Desde la central camionera

“Los Estados Unidos es una maravilla” me dijo una señora después de que había apoyado a ella y sus hijos con información sobre los camiones desde Arizona a Florida, comida caliente y botanas para el viaje y suéteres y una cubija para no tener frío en el aire de los autobuses. En aquel momento, pensé en las comunidades que han hecho o harán leyes para mantener afuera a ella y sus hijos. Pensé en los manifestantes que están cerrando el paso de los camiones que llevan a menores no-acompañados o mamás y sus hijos. Cuando vi su cara de alegría y alivio por la bienvenida que le habíamos dado, esperaba que no supiera lo que dice la gente y los medios de ella y que no encontrara a personas que le darían una recepción muy diferente.
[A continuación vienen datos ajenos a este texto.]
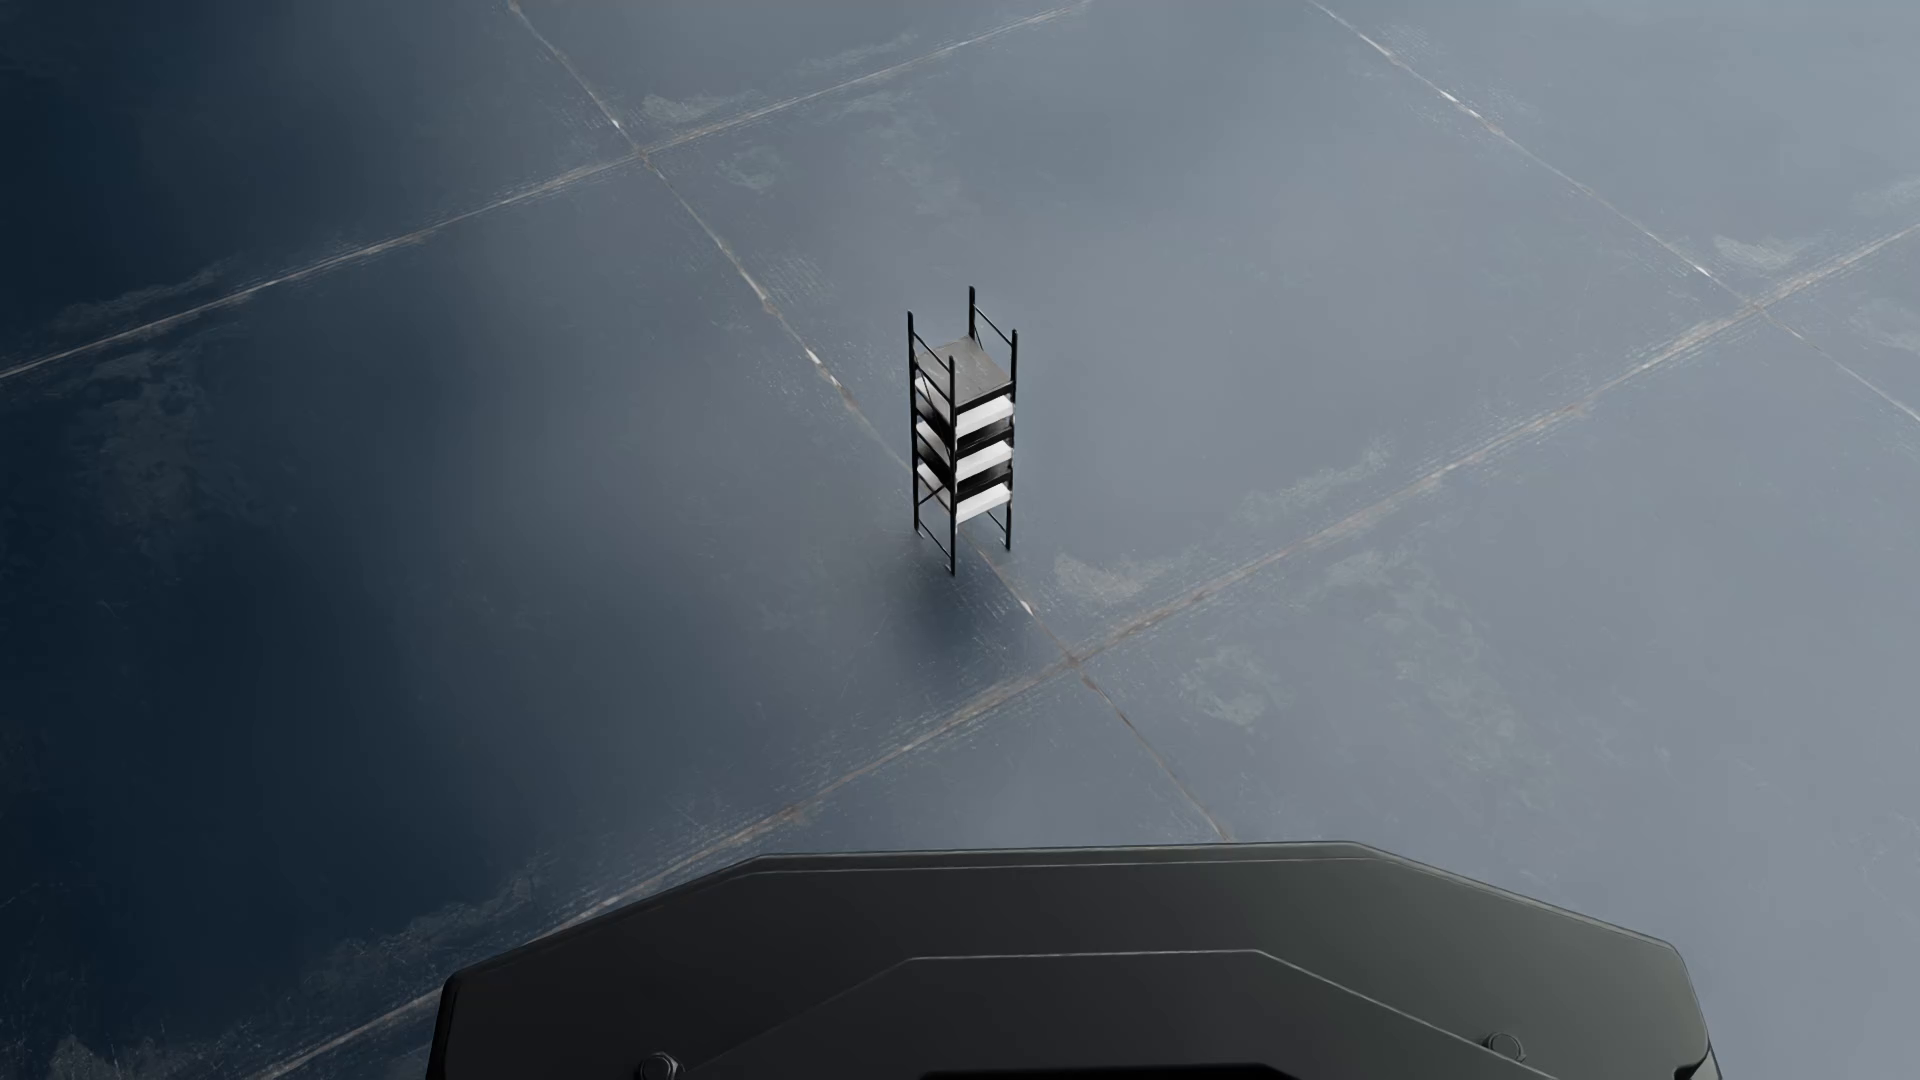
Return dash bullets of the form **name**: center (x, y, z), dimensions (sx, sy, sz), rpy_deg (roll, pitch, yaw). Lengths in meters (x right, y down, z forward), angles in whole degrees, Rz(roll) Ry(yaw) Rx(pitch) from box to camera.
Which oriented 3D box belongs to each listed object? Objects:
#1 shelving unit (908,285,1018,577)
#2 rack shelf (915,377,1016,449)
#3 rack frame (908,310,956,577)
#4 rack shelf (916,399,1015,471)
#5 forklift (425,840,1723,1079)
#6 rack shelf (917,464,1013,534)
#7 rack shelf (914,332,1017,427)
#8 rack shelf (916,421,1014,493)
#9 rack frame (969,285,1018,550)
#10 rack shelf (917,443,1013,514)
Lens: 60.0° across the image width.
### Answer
- **shelving unit**: center (0.007, -0.303, 4.917), dimensions (0.210, 0.900, 0.258), rpy_deg (-25, 53, -21)
- **rack shelf**: center (0.007, -0.400, 4.807), dimensions (0.200, 0.077, 0.258), rpy_deg (-25, 53, -21)
- **rack frame**: center (-0.079, -0.262, 4.881), dimensions (0.006, 0.900, 0.240), rpy_deg (-25, 53, -21)
- **rack shelf**: center (0.007, -0.340, 4.874), dimensions (0.200, 0.077, 0.258), rpy_deg (-25, 53, -21)
- **forklift**: center (0.098, 1.735, 1.742), dimensions (1.130, 2.935, 3.031), rpy_deg (-1, 48, -1)
- **rack shelf**: center (0.007, -0.161, 5.076), dimensions (0.200, 0.077, 0.258), rpy_deg (-25, 53, -21)
- **rack shelf**: center (0.007, -0.460, 4.740), dimensions (0.200, 0.077, 0.258), rpy_deg (-25, 53, -21)
- **rack shelf**: center (0.007, -0.280, 4.942), dimensions (0.200, 0.077, 0.258), rpy_deg (-25, 53, -21)
- **rack frame**: center (0.093, -0.343, 4.953), dimensions (0.006, 0.900, 0.240), rpy_deg (-25, 53, -21)
- **rack shelf**: center (0.007, -0.220, 5.009), dimensions (0.200, 0.077, 0.258), rpy_deg (-25, 53, -21)

Porque resulta que ella es parte de una de las polémicas más politizadas de migración en este año: el aumento en el número de mujeres y niños centroamericanos en la frontera sur de los Estados Unidos. La conocí y también conocí a otras mujeres y sus hijos en situaciones semejantes en la central camionera de Greyhound en Tucson. Allá yo y otros voluntarios participamos en un esfuerzo comunitario para recibir a los centroamericanos que han sido puestos en libertad después de un tiempo de detención. Les apoyamos para que se fueran a encontrarse con sus familiares en otros partes del país y pelear su caso migratorio. Les brindamos ropa, comida e información sobre su viaje en autobús. Un representante del consulado de Guatemala les ayudó con explicaciones del proceso de inmigración, como pueden encontrar un abogado y cuando deben presentarse en la corte.

Estando en la central camionera era, de manera extraña, semejante a mi tiempo en la Iniciativa Kino para la Frontera apoyando a migrantes recién deportados. Las mujeres y niños llegaron agotados después de días sin descanso por las luces y el aire de los centros de detención. Llegaron con hambre por la falta de comida en su viaje y también en detención. Parecido a los recién deportados, llegaron desorientados y confundidos sobre su situación y los próximos pasos. Y, como en Nogales, estaban sorprendidos que había gente de Estados Unidos para apoyarlos y recibirlos.

Estando en la central camionera de Greyhound me hizo recordar que mi estancia en Kino era un tiempo para dejar a un lado mis esperanzas para cambio estructural. Más bien, estando allá me presentó con el reto de sencillamente y con mucho amor dar una bienvenida a quien sea que llegue a la puerta. La situación actual me pone y nos pone como estadounidenses un reto parecido. Seguramente tenemos que hacer incidencia. Pero sin importar nuestra participación política, a nivel personal la realidad hoy en día nos debe recordar de dar la bienvenida y amar. Muchos individuos y organizaciones han tomado esta manera de responder ante la situación. Pero muchos de nosotros nunca nos encontráramos con individuos que son directamente parte de esta polémica. Al final de cuentas, aunque sea centroamericanos o nuestros vecinos inmigrantes o alguien que vemos en la tienda, todos podemos dar la bienvenida y amar a nuestros prójimos.